Narendra Modi, India's new prime minister, visited Japan twice during his long decade of ostracism by the West. He is one of only three people that Shinzo Abe follows on Twitter. Commentators have hailed Modi as "India's Abe" because he seems as determined as the Japanese prime minister to boost national self-esteem through economic growth.
Japanese direct investment in India is rising; it may even help realize Modi's grand, Japan-inspired vision of "smart cities" and bullet trains across India. But Modi has deeper reasons for bringing to his first major bilateral visit the intense ardor of a pilgrim approaching an ancient shrine.
Since the 19th century, Hindu nationalists have venerated Japan as the paradigmatic Asian society that preserves its traditional virtues while also developing industrial and military strength and inculcating patriotism among its citizens. Swami Vivekananda, an iconic Hindu thinker of the 19th century (also the only writer Modi seems to have extensively read) claimed after a visit that "if all our rich and educated men once go and see Japan, their eyes will be opened."
Evidently, the Japanese had "taken everything from the Europeans, but they remain Japanese all the same" while in India, "the terrible mania of becoming Westernised has seized upon us like a plague."
Modi ably channels Vivekananda in his praise for the Japanese traits of self-sacrificing nationalism. And he has not evolved a "Look East" policy just because U.K. and U.S. officials refused to meet with him and the U.S. denied him a visa after communal riots on his watch as chief minister of the state of Gujarat claimed more than 1,000 lives. Modi seems sincere in his invocation of what Asia's three outspoken leaders of the 1980s -- Singapore's Lee Kuan Yew, Malaysia's Mahathir Mohamad and Japan's Shintaro Ishihara -- called "Asian Values."
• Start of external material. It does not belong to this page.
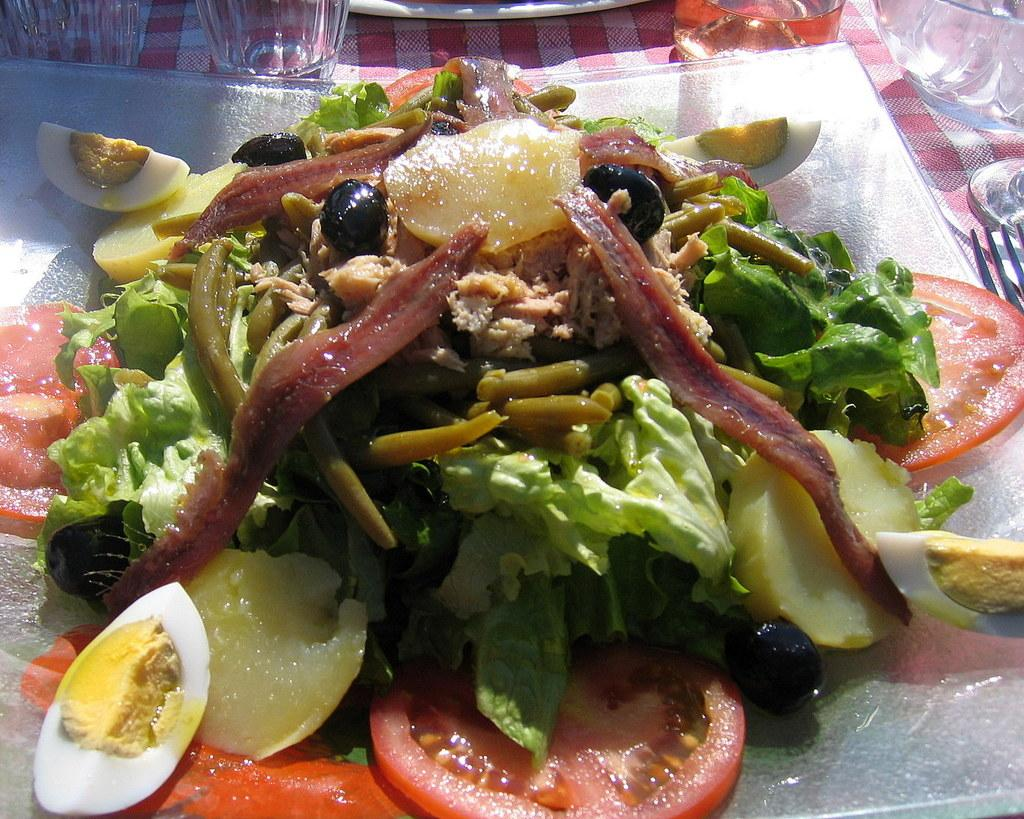What is on the plate that is visible in the image? There are food items on a plate in the image. What else can be seen in the image besides the plate? There are glasses and a bowl in the image. What might be used for holding liquids in the image? The glasses in the image can be used for holding liquids. What other objects are present on a cloth in the image? There are other objects on a cloth in the image, but their specific details are not mentioned in the provided facts. What type of stone can be seen in the image? There is no stone present in the image. What does the image smell like? The image does not have a smell, as it is a visual representation.

Lee typically argued that the only antidote to "the disruptive individualism of Western liberalism" was renewed stress on "individual subordination to the community." This coincides perfectly with the values cherished by the Rashtriya Swayamsevak Sangh (Modi's ideological guide, and the parent outfit of Hindu nationalism). Not surprisingly, Modi's recent Independence Day speech, which was widely hailed as "forward-looking and modern" was also, as the columnist Shekhar Gupta pointed out, "pure RSS" in its emphasis on "family values, morality, cleanliness, discipline and patriotism."
But can Modi's old-fashioned reverence for all things Japanese, from the tea ceremony to nuclear plants, produce the right blueprint for India's future? After all, Japan today offers less instruction in world-conquering industrial growth and innovation than in the admirable art of "bending adversity" -- the title of a superb new book on Japan by David Pilling that Modi might find more up-to-date than Vivekananda's musings.
The Japanese state's striking early example of fostering internationally competitive local industries was closely followed by countries such as South Korea and Taiwan. Leaders of Malaysia and Indonesia eagerly sought Japanese investment in their economies, primarily to diversify their industrial bases.
The most avid of these Asian Japanophiles was Mahathir, the long-lasting prime minister of Malaysia and unabashed exponent of majoritarian nationalism. His own "Look East" policy was grounded in economic relations with Japan as well as racial and civilizational assertions of difference, and included an explicit anti-Western posture.
For a while, everything seemed to be going well. Then, in the 1990s the limits of Japanese developmentalism were exposed by the new age of globalization. So much of the Japanese economic miracle had been contingent on U.S. willingness during the Cold War to open its own markets to Japanese manufacturers while turning a blind eye to Japan's blatantly protectionist trade policies and restrictions on capital movement.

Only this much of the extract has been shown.